Photograph of Catherine Lavoie outside the Squatters Cottage at Ironbridge

During the rather chilly last weekend in April, Ironbridge played host to a distinguished American visitor and her family. Catherine Lavoie, of the National Park Service, is Chief of the Historic American Buildings Survey (HABS), and successor to an old friend of the IGMT, Eric DeLony.

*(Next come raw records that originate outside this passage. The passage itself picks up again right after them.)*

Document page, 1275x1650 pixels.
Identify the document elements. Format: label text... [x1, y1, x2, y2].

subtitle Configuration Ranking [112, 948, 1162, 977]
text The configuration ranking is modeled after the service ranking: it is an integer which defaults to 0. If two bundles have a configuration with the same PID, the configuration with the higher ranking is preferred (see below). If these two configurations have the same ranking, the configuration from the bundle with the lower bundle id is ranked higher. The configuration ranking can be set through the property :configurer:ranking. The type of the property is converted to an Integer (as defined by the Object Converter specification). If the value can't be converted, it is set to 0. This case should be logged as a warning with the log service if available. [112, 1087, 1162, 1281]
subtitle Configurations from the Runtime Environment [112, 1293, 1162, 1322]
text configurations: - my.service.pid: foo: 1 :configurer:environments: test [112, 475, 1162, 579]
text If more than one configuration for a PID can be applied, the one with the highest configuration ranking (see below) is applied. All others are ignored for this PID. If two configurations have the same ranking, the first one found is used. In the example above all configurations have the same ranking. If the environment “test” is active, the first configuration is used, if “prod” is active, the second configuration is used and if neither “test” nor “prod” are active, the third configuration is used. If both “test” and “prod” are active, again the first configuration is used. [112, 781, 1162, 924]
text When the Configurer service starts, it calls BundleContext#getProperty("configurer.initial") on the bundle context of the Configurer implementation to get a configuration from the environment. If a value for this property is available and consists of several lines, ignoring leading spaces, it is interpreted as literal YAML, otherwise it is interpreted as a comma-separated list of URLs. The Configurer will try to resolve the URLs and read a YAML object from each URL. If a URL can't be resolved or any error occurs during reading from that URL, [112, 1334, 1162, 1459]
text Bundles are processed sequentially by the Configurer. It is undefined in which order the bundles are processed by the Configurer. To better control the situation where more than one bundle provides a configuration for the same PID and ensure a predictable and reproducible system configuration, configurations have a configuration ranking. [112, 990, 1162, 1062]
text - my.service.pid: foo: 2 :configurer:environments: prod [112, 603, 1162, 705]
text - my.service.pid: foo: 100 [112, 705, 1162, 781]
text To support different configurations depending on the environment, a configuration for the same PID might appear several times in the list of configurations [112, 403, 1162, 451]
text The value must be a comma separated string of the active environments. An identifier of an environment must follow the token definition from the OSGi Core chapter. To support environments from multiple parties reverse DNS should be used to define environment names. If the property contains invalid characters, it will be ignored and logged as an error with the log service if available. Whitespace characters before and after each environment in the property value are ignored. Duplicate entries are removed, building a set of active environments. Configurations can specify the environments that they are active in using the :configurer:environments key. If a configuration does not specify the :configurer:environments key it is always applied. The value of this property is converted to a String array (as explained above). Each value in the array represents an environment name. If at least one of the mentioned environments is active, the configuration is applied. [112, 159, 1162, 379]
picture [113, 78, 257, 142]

The Historic American Building Survey is one of three Federally-funded programmes that records the many historic buildings in the United States, often intervening before they are demolished and so preserving the buildings by record. The other two elements of the survey are the Historic American Engineering Record (HAER) and the Historic American Landscape Survey (HALS). The focus of their work tends to be on historic industrial structures, landscapes and buildings. In past years, the Ironbridge Institute has sent students on placements with the HABS and HAER work programmes, a link that lapsed before the retirement of Eric DeLony, but under Catherine the link has been revived. Last year, the winner of the Edwin Burns prize for 2012, Simon Hobson, undertook a placement at the Woodrow Wilson House in Washington D.C. and in May this year a distance learning student, Steven Roden, will be travelling to America to work on a canalside-landscape in need of rapid recording.

The visit to Ironbridge was arranged by Simon Hobson and included a tour of the Iron Bridge, led by former Institute Director David de Haan (with the added interest of dodging the flying sticks of the myriads of Morris Dancers who were also using the bridge for their demonstrations). There was also a visit to Jackfield and Maws factory (so they could experience the wooden road) followed by a swift trip to Blists Hill and a discussion of the merits of reconstruction of historic buildings intermixed with the historic structures on the site. As ever, the squatter cottage made its magical impression on our visitors, and its occupants obliged us by recording the visit. A final trip to view Coalport and the Hay Incline Plane was capped off by a trip to the Black Swan to recover. All in all, a lovely opportunity to thank our transatlantic friends for their help in training our students, and reinforcing our links for the future.